# Bowhunt 2016



## Bhilly81 (Oct 18, 2009)

Is everyone ready for the bowhunt this year?? I for one am getting there. With equipment fails and carp happening. 

Two weeks ago my bow just about blows up (user error). Had to replace my arrow rest and have my peep sight reinstalled on the string. Then go through and resight it in. Last Monday I Got it sighted in to 50 yards and the peep sight falls out again fml. I ended up just buying a new peep sight for it and getting it installed. Now got it sighted back into 50 yards still have the 60 and 70 yard pin to go. It seems that this year everything is going wrong just before the hunt starts. But it's coming fast and I will be ready no matter what. 

Hope everyone is having better luck than I have had so far. And good luck to all this year. 

Let's hear everyone else's story's for peeping this year. It's coming soon and fast (but also slow). 




Sent from my iPhone using Tapatalk


----------



## 2full (Apr 8, 2010)

4 or 5 years ago I had the same kind of luck. I was was shooting less than 2 weeks before the hunt and a cam came right out of the limb at full draw. The bow literally blew up. I had my glasses on luckily, or It would have been ugly. I still had a black eye, a big knot on my arm, and some scrapes on my cheek.
I had to get a new bow and get it set up and sighted in before the hunt.


----------



## Bhilly81 (Oct 18, 2009)

Yea that's not good. I got totally lucky. My arrow blew up and came out kinda sideways. And kissed my arm really good.
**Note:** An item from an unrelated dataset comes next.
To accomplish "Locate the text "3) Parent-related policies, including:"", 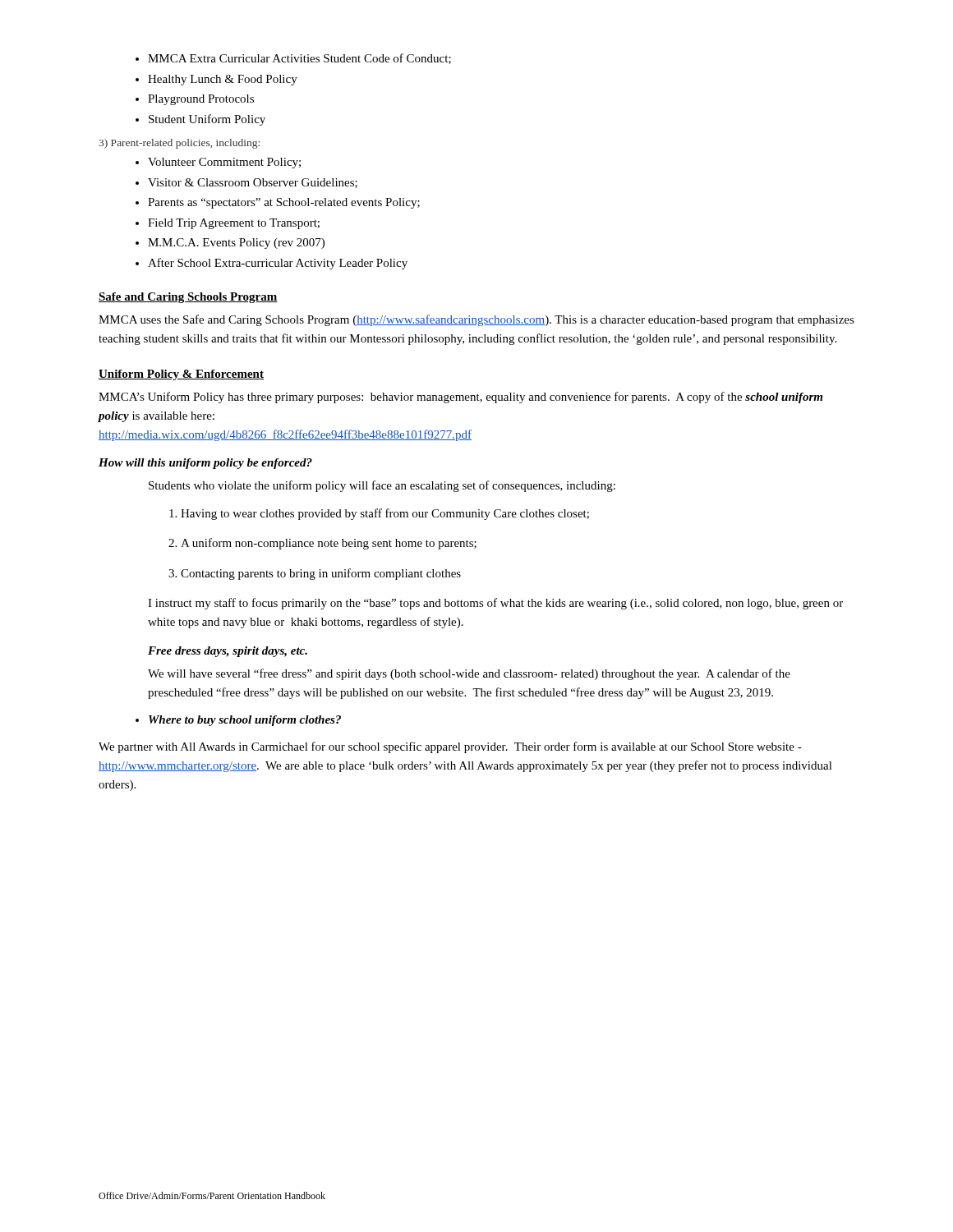I will point(180,143).

Sent from my iPhone using Tapatalk


----------



## BigT (Mar 11, 2011)

Wow thats not good!

I am new to the archery side as I just purchased a bow. I have muzzleload hunted for the last 10-12 years. Still will be doing it. I am on a dedicated permit starting this year and wanted to take advantage of all of the hunts. Plus you never know what I might find while I am out scouting. 
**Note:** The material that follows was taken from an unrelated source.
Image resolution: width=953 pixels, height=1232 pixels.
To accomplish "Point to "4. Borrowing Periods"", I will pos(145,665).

I am excited to get accustomed to this! Still trying to decide on mechanical broadheads, and fixed blades. I am sure there's a bunch of threads on that so I'll not pose the question here! Good luck to all!


----------



## Slayer (Feb 3, 2013)

Oh Yah! The bow is dialed in and I'm ready for the season! G5 Strikers 100 grain have worked great for me. I have 3 of those ready to go and a old school slick trick.


----------



## neverdrawn (Jan 3, 2009)

Bdub, not to get off topic, but I'm curious what type of rest you are using. I had an arrow come apart a couple of years ago and go through my wrist, taking quite a core sample. I found out unlike a tree you can"t age humans by rings in their flesh. :-(I have since switched to a drop away hoping that will keep the arrow going the right direction even if it does break. That just has me curious if yours is a fixed rest or drop away. (I probably don't want to know if it is a drop away as it will prove my theory false.)
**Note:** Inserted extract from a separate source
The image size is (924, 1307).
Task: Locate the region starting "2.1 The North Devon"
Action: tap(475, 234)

I am ready for this hunt. Everything seems to be working fine, knock on wood. Just need a cooperative deer or elk now. Can't imagine why they would want to live through another winter anyway.


----------



## Bhilly81 (Oct 18, 2009)

The bow I'm shooting has a whisker biscuit. I'm going to upgrade everything next year. 


Sent from my iPhone using Tapatalk


----------



## middlefork (Nov 2, 2008)

neverdrawn said:


> Bdub, not to get off topic, but I'm curious what type of rest you are using. I had an arrow come apart a couple of years ago and go through my wrist, taking quite a core sample. I found out unlike a tree you can"t age humans by rings in their flesh. :-(I have since switched to a drop away hoping that will keep the arrow going the right direction even if it does break. That just has me curious if yours is a fixed rest or drop away. (I probably don't want to know if it is a drop away as it will prove my theory false.)
> 
> I am ready for this hunt. Everything seems to be working fine, knock on wood. Just need a cooperative deer or elk now. Can't imagine why they would want to live through another winter anyway.


It doesn't matter what rest you are using. If your arrow breaks on release chances are part of it is going to be in your arm or hand.

Best to get in the habit of inspecting and flexing arrows that may have touched each other or hit something other than a good target. I have not seen any break from simple over use.


----------



## AF CYN (Mar 19, 2009)

Ouch. Glad it didn't get you worse. Archery is the worst for gear malfunctions, last minute tweaks that go awry, etc...


----------



## Karl (Aug 14, 2016)

Archery equipment can fail anytime. For a compound bow I suggest buying a new one every 5 years. For a take-down recurve I suggest new limbs every 5.

I like my recurve more than the compound, although accuracy on the recurve is only 45 yards whereas on the compound it is out to 60.

It feels more like real hunting with a recurve.

Archery takes lots of practice, but practicing is fun, and arrows tend to last a long time -- longer than a bullet.


----------